The entire LGBTQIA plus community was not attacked as a monolith, the focus of hate came on gay men, because they were the most obviously effected and also the most visible and prominent in the community. The rest of the community did their best to embrace and protect them. (For example lesbian groups that were on the front lines of caring for people who were sick when no one else would...).
And there were people like myself who identified as allies but were in a place where they didn't feel safe to come out themselves.
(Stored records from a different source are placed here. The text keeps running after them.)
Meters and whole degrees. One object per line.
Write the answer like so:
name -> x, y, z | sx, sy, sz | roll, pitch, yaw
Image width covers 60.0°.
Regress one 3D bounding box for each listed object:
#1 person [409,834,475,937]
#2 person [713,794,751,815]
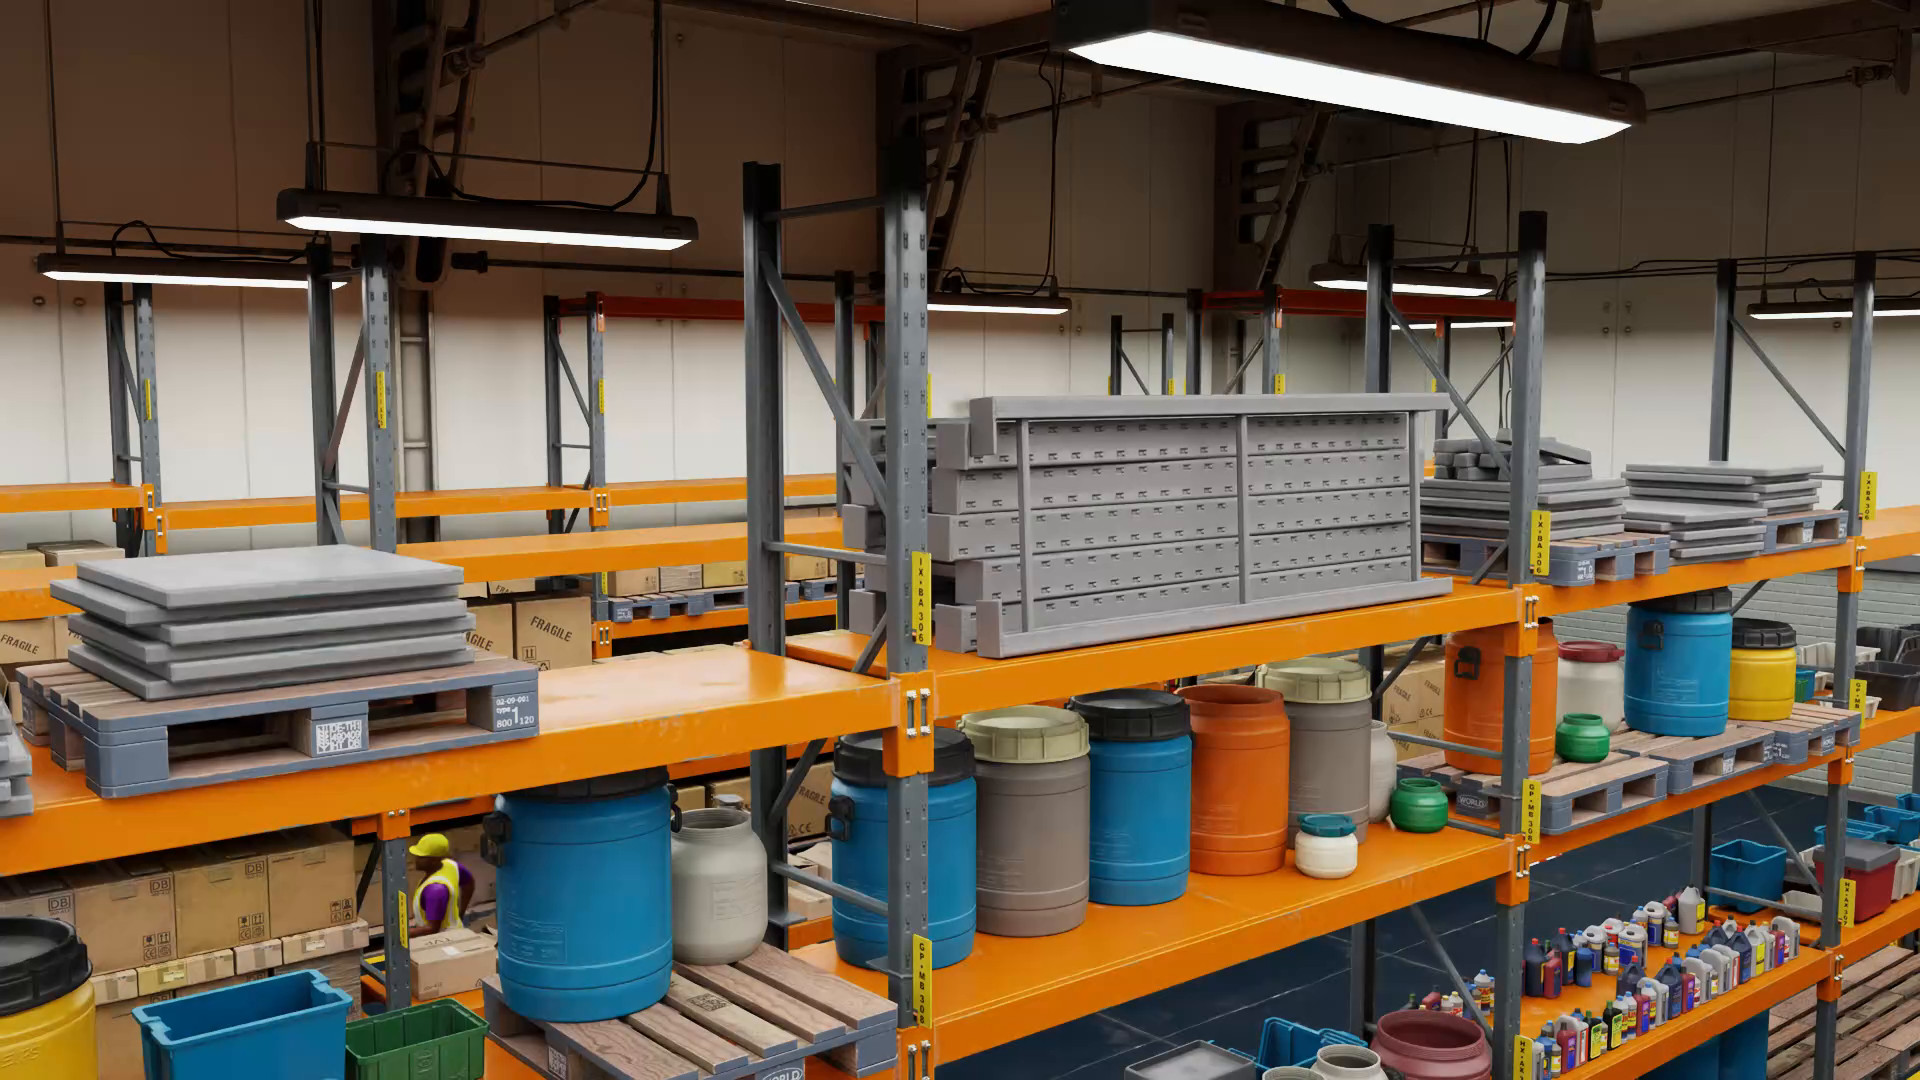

I did not come out at that time because even though I was in accepting local community at University and working at a feminist journal I knew I would lose friends and family and possibly future work opportunities. Being Bi it was easier to blend in for me and I took advantage of that. Part of the reason I hesitated so long about coming out was I felt a lot of guilt that I didn't come out in the 90s during the AIDS crisis. I felt like a coward who wasn't worthy to stand with such brave people.
It took me a long time to let go of that self-hate to the point where I could come out. A big part of it was acknowledging how fucked up the climate for LGBTQIA folks in the 80s and 90s. We had two family friends (which is how I knew I would probably be rejected by a lot of my family) who died of AIDS. Yes, these were brilliant, creative men who worked in theater. One of them was the props coordinator for Late Night with David Letterman (responsible for building Dave's velcro suit etc.). I also have a peer who died of AIDS in the early 2000s, long after the disease had supposedly been "not a death sentence" who also happened to be an actor.
Despite their lack of political involvement, they were be seen as radical just because they lived openly as gay men in a society that hated them and wanted them dead, and only tolerated them if they were the "fun gays" who weren't actually threatening the status quo...
Being in theater or the arts was a survival tactic for a lot of people ya know because it was a more accepting environment and because it wasn't considered important like politics, medicine, science etc. (Miss me with the gays can't do math jokes. A gay man invented the fucking computer).
The gay men I knew in long-term monogamous relationships survived the worst of the crisis and they automatically became "respectability queers" for having not died and wanting jobs with health insurance etc. Because one dude follows his dream of working in theater and the other quits theater and goes to work at the phone company and buys a house with his partner, one is fun and the other boring? One is a creative genius creating culture and the other is a consumer of cultural pap? Wow. Great take.
FUCK. I'm just getting so angry thinking about this. You want to know why it took me till I was FIFTY fucking years old to come out: AIDS. That's it. ONE Fucking word.
Sorry I have no idea WHY I fucking started this other than I saw a shitty post that said, our culture became boring because all the fun gays died and left only the boring gays who only care about marriage or whatever.